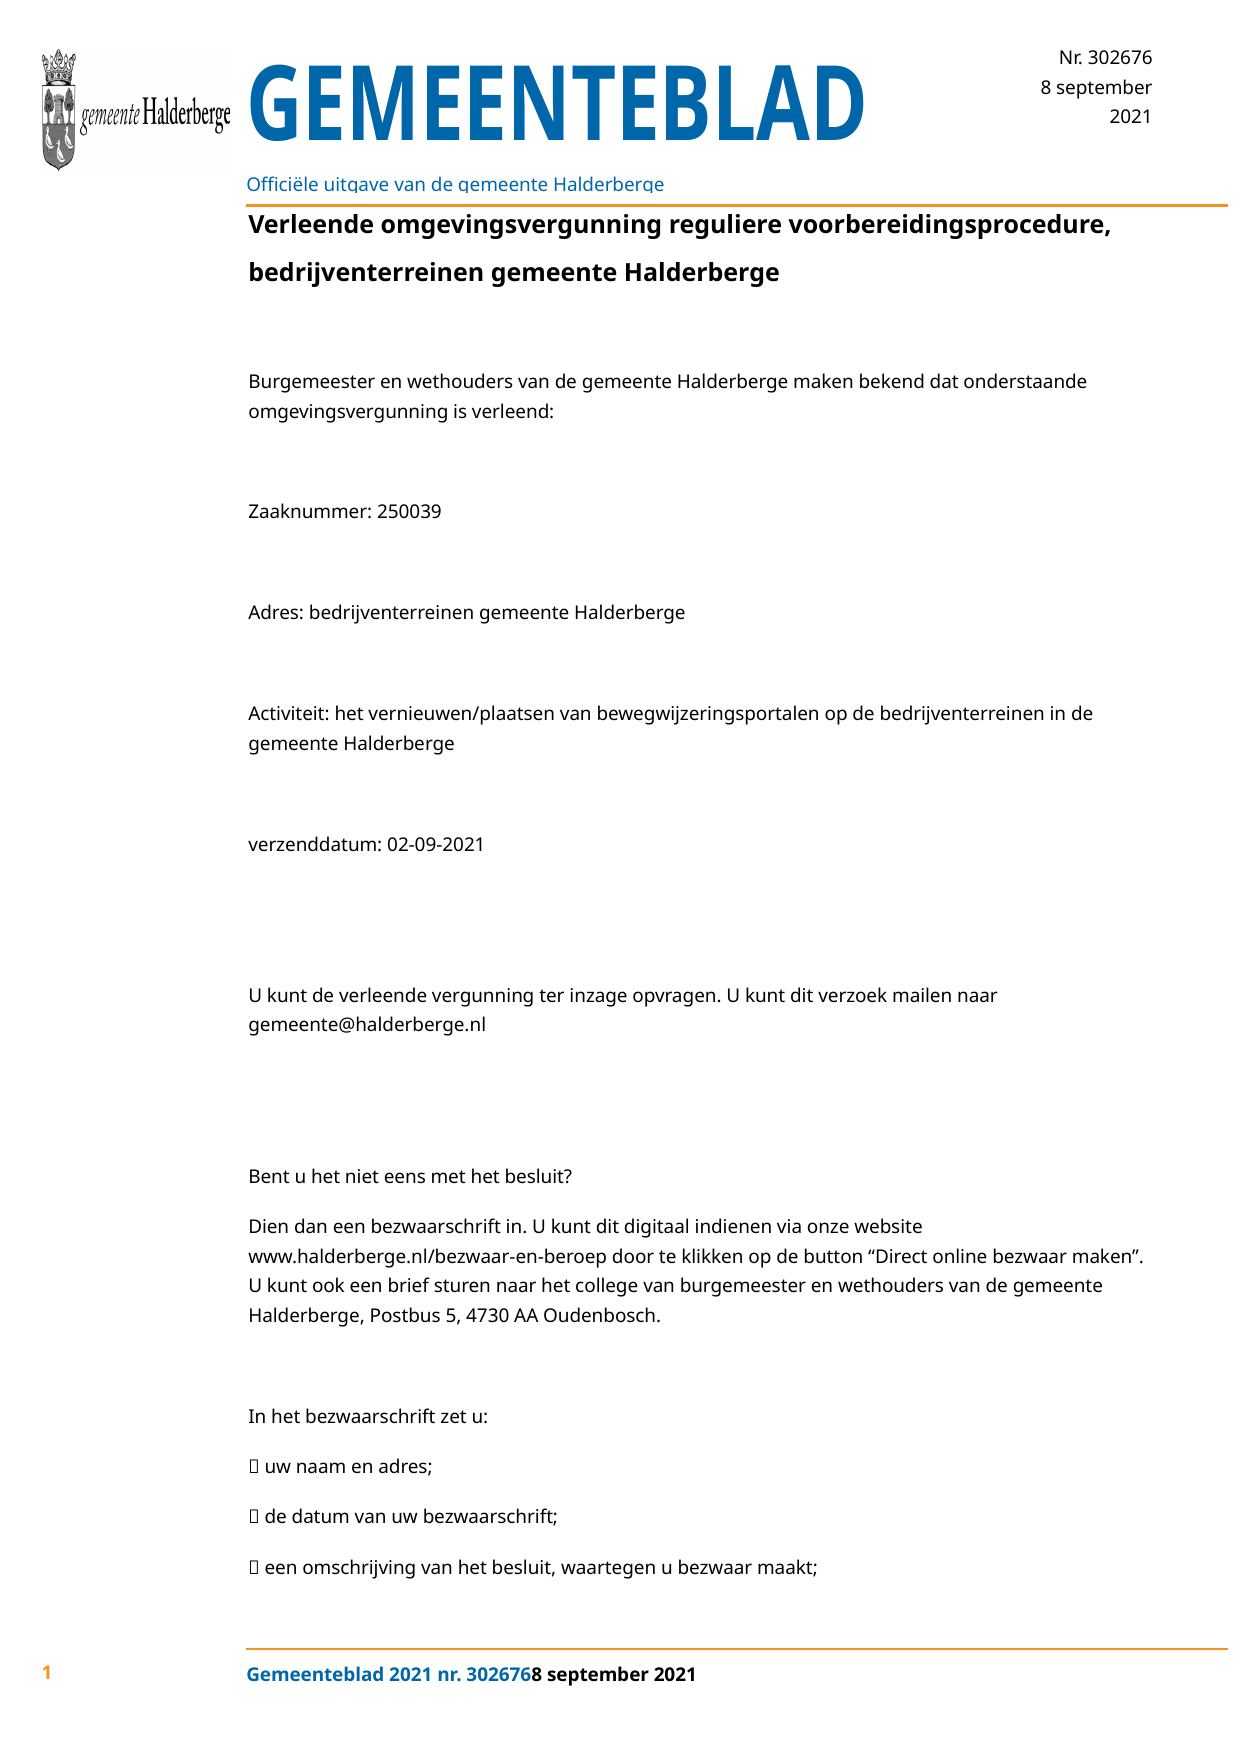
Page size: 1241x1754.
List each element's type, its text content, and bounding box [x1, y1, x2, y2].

text Activiteit: het vernieuwen/plaatsen van bewegwijzeringsportalen op de bedrijventerreinen in de gemeente Halderberge [248, 700, 1152, 756]
text  uw naam en adres; [248, 1453, 1152, 1479]
text Adres: bedrijventerreinen gemeente Halderberge [248, 599, 1152, 625]
picture [41, 47, 231, 172]
text Verleende omgevingsvergunning reguliere voorbereidingsprocedure, bedrijventerreinen gemeente Halderberge [248, 207, 1152, 288]
text In het bezwaarschrift zet u: [248, 1403, 1152, 1429]
text Zaaknummer: 250039 [248, 499, 1152, 524]
text U kunt de verleende vergunning ter inzage opvragen. U kunt dit verzoek mailen naar gemeente@halderberge.nl [248, 982, 1152, 1037]
text Burgemeester en wethouders van de gemeente Halderberge maken bekend dat onderstaande omgevingsvergunning is verleend: [248, 368, 1152, 424]
text  een omschrijving van het besluit, waartegen u bezwaar maakt; [248, 1554, 1152, 1580]
text Bent u het niet eens met het besluit? [248, 1163, 1152, 1189]
text  de datum van uw bezwaarschrift; [248, 1504, 1152, 1529]
text verzenddatum: 02-09-2021 [248, 831, 1152, 857]
text Dien dan een bezwaarschrift in. U kunt dit digitaal indienen via onze website www.halderberge.nl/bezwaar-en-beroep door te klikken op de button “Direct online bezwaar maken”. U kunt ook een brief sturen naar het college van burgemeester en wethouders van de gemeente Halderberge, Postbus 5, 4730 AA Oudenbosch. [248, 1213, 1152, 1328]
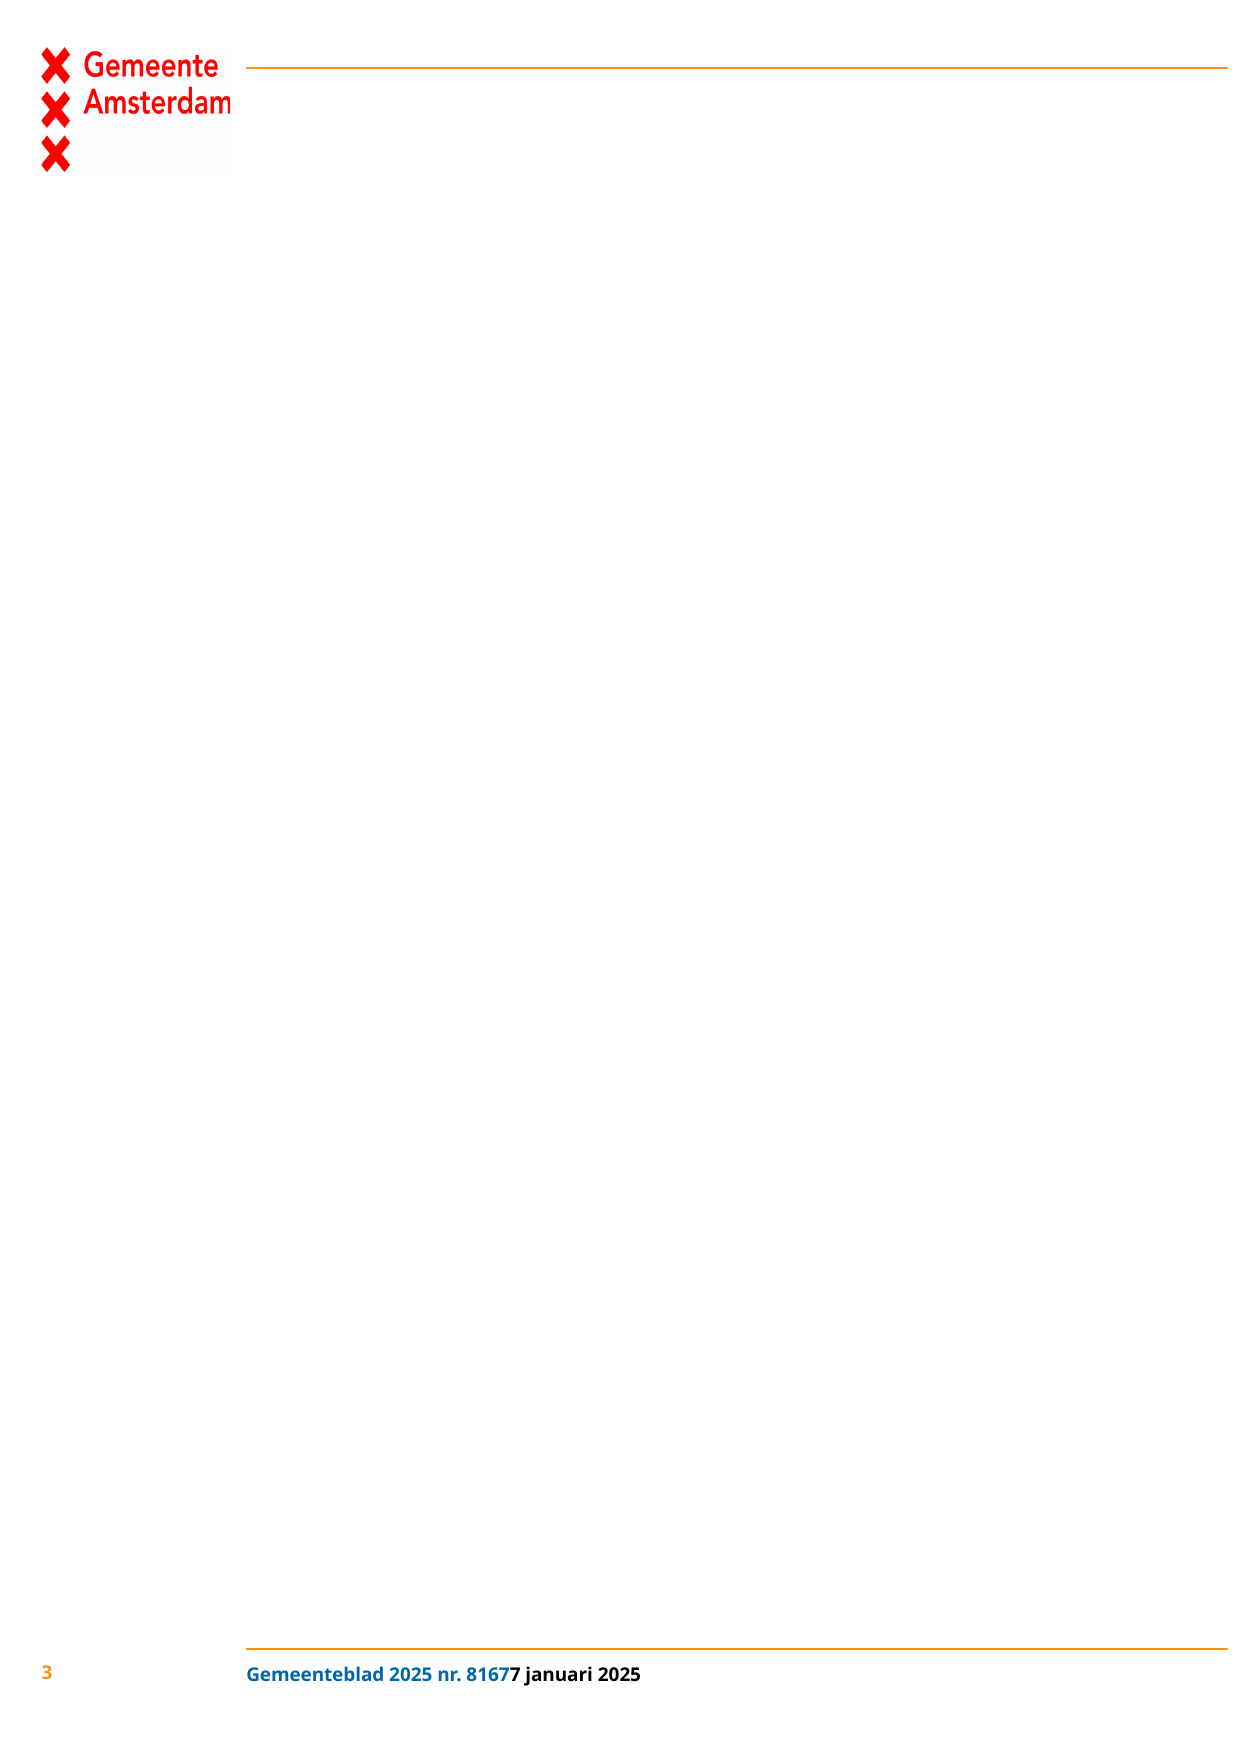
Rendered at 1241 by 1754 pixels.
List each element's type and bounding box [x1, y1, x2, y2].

picture [41, 47, 231, 172]
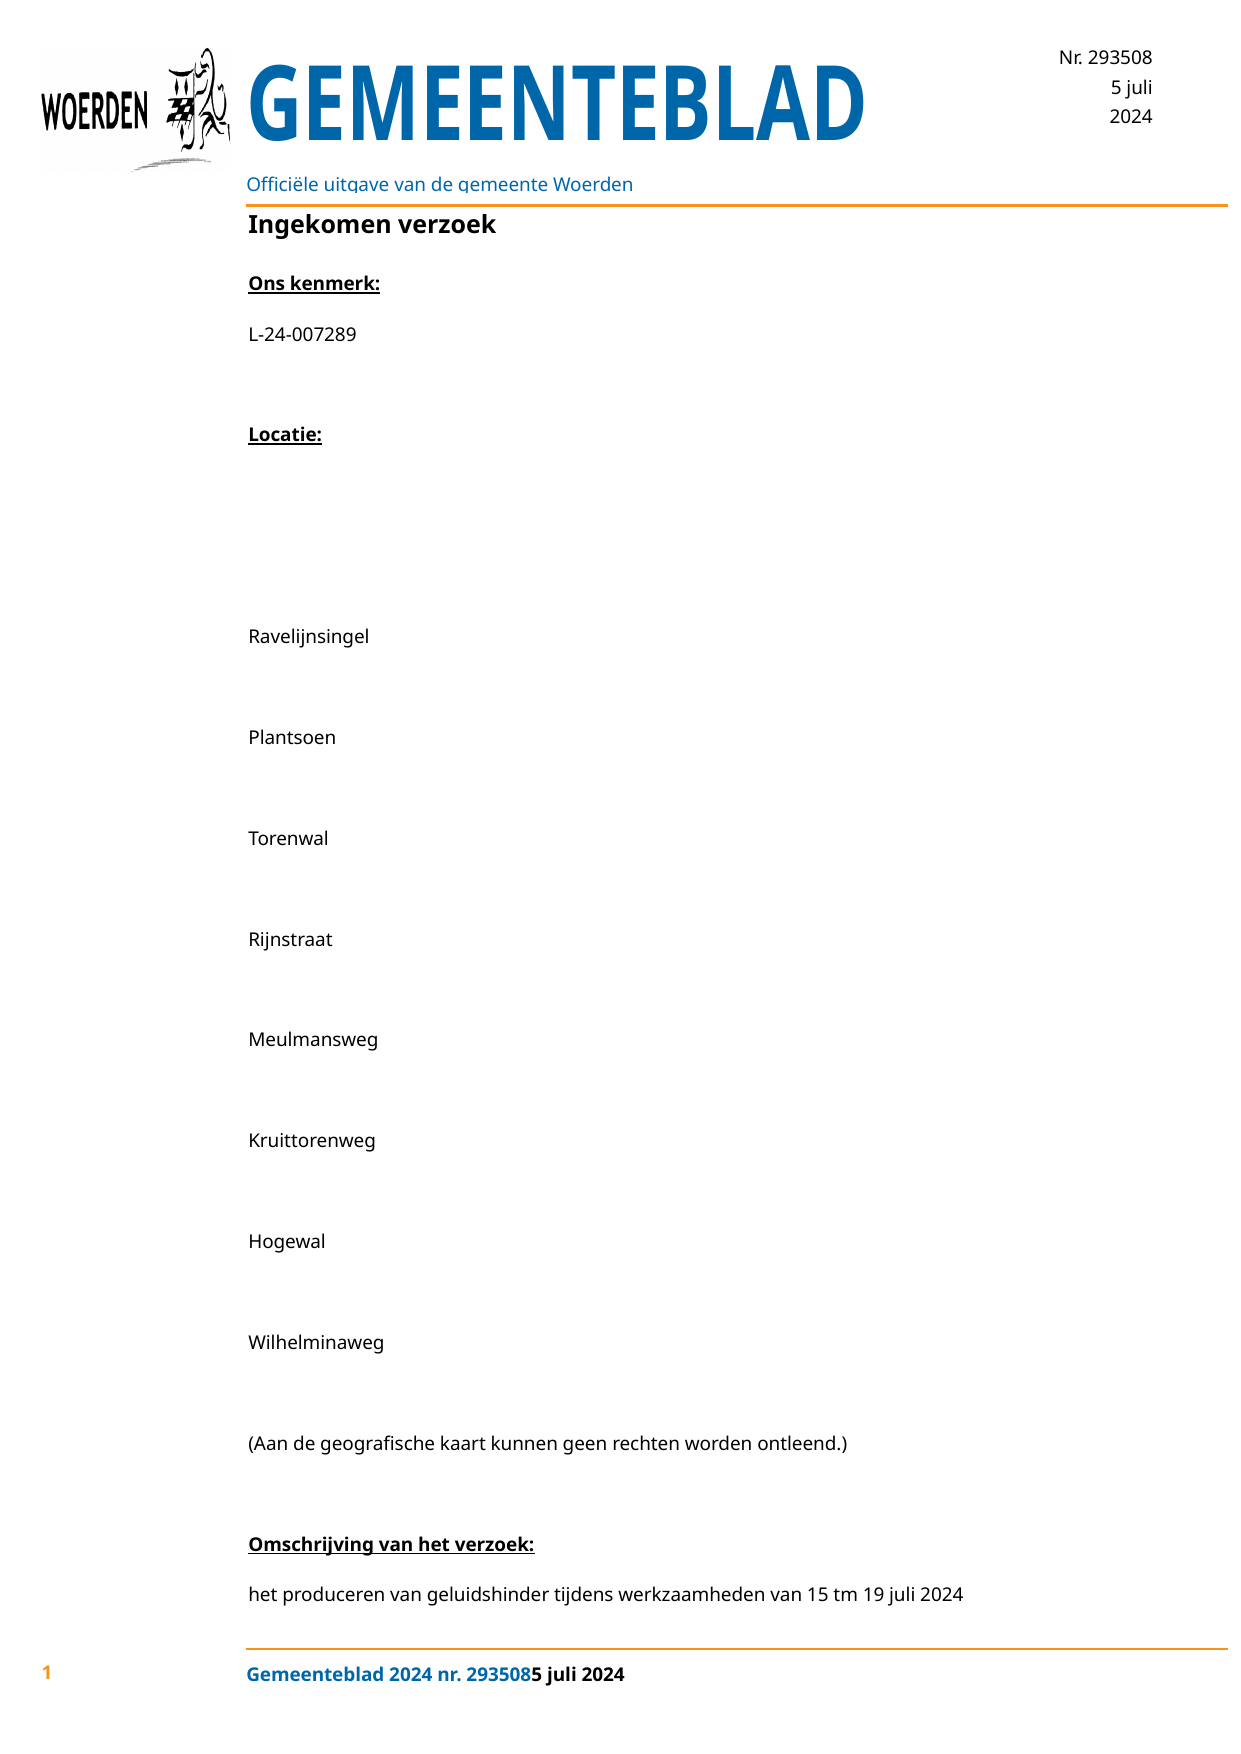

————————

▸ **Goal of the exercise**:
Please retype the lines from the one that contains "Rendered at 1241 by 1754 pixels." through the final line of the data, both included, without any pictures.

▸ **Solution for this exercise**:
Rendered at 1241 by 1754 pixels.
List each element's type and bounding box [x1, y1, x2, y2].

picture [41, 47, 231, 172]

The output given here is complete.